CxOs are in a race to identify Generative AI use cases for their Enterprises. While PoCs are happening, there are not many use cases that have gone into production. Apart from cost, the other key worry for leaders is the inaccuracy of the outputs of the Large Language Models (LLMs) for their specific use cases. While many methods can improve model accuracy, you should consider Retrieval-Augmented Generation (RAG) as a key piece in the puzzle.

Depending on the use case, implementation of RAG can make a world of difference in the accuracy and reliability of the language model. Let us delve deep into RAG and understand what it is and how we can implement it for our use cases. Before getting into the details of RAG, first let us see what the problem is which many of us are facing in our GenAI implementations.

Why we need RAG

As we know, LLMs have been pre-trained on a large corpus of data. While for retrieving historical information this data may be enough, it doesn’t help where up-to-date data is needed for reasoning. Moreover, researchers have pre-trained LLMs using only publicly available data. It was not trained with your organization specific data that is private to your enterprise.
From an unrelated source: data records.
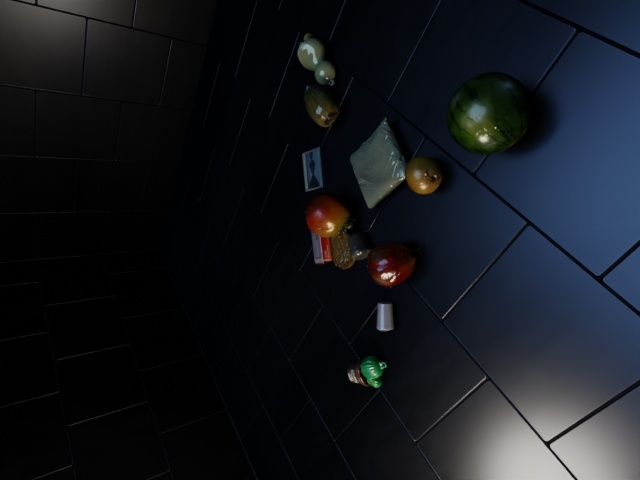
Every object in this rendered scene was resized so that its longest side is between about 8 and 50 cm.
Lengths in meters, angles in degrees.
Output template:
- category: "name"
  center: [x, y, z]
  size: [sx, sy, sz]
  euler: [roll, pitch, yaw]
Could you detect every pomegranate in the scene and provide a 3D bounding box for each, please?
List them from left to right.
- category: "pomegranate"
  center: [0.044, -0.108, 1.875]
  size: [0.235, 0.210, 0.210]
  euler: [37, 124, 16]

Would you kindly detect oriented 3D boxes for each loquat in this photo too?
- category: "loquat"
  center: [0.376, -0.241, 1.504]
  size: [0.141, 0.141, 0.141]
  euler: [8, 100, 50]

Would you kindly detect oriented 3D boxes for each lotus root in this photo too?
- category: "lotus root"
  center: [-0.008, -0.647, 1.926]
  size: [0.154, 0.154, 0.278]
  euler: [-53, 50, 40]

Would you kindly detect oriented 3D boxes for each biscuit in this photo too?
- category: "biscuit"
  center: [0.108, 0.042, 1.949]
  size: [0.188, 0.027, 0.187]
  euler: [7, 99, 49]

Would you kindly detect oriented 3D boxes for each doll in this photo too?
- category: "doll"
  center: [-0.011, -0.839, 1.939]
  size: [0.141, 0.117, 0.296]
  euler: [-42, 76, 38]

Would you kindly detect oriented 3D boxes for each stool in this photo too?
- category: "stool"
  center: [0.170, 0.026, 1.821]
  size: [0.096, 0.096, 0.110]
  euler: [-43, 57, 44]

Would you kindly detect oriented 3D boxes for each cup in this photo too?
- category: "cup"
  center: [0.271, 0.322, 1.760]
  size: [0.104, 0.074, 0.116]
  euler: [174, 94, -79]

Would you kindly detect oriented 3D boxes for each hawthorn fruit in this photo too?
- category: "hawthorn fruit"
  center: [0.295, 0.075, 1.627]
  size: [0.235, 0.181, 0.181]
  euler: [-37, 64, 24]

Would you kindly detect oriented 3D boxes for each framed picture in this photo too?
- category: "framed picture"
  center: [-0.037, -0.358, 2.088]
  size: [0.150, 0.015, 0.203]
  euler: [-5, 90, 51]

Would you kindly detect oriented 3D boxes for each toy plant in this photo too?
- category: "toy plant"
  center: [0.215, 0.585, 1.825]
  size: [0.200, 0.105, 0.142]
  euler: [-22, 85, 38]

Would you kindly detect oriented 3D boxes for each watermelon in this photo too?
- category: "watermelon"
  center: [0.509, -0.383, 1.252]
  size: [0.242, 0.242, 0.242]
  euler: [8, 100, 50]

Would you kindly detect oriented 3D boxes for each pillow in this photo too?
- category: "pillow"
  center: [0.244, -0.312, 1.709]
  size: [0.281, 0.076, 0.274]
  euler: [-42, 59, 51]

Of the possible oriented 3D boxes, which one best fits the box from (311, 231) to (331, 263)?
- category: "box"
  center: [0.000, 0.000, 2.032]
  size: [0.123, 0.050, 0.229]
  euler: [171, 93, -70]
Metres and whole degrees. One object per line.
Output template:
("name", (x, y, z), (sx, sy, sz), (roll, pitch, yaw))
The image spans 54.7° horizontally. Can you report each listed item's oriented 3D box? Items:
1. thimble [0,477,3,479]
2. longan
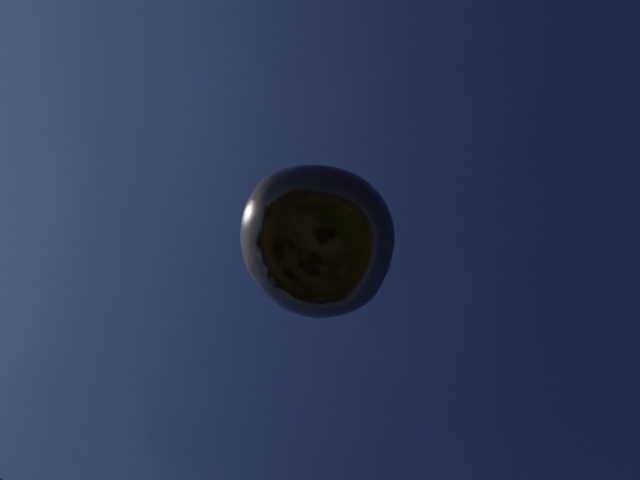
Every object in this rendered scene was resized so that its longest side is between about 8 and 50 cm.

This severely limits LLM’s capabilities when you use it with your enterprise-specific data. Hence the requirement for a solution which can provide the LLM with the additional context that is specific to your organization. As you would understand from the sections below, RAG happens to be the primary technique in grounding the LLM with the organization-specific context it needs to respond to queries of your business users.

Note that Function Calling is another technique that can be used for grounding the model with the required context. However, Function Calling can only be used in certain scenarios (e.g. where APIs are available) which makes RAG more applicable for most scenarios.

Now that we have understood the problem statement, let us look at what is RAG, what are the other problems it could solve, and how to implement it to make your Enterprise GenAI ready.

What is RAG

The term RAG seems to have been coined by Patrick Lewis and his team in 2020 for their conference paper titled “Retrieval-Augmented Generation for Knowledge-Intensive NLP Tasks”. They proposed RAG to improve the efficiency of Large pre-trained language models when deploying them on knowledge-intensive tasks.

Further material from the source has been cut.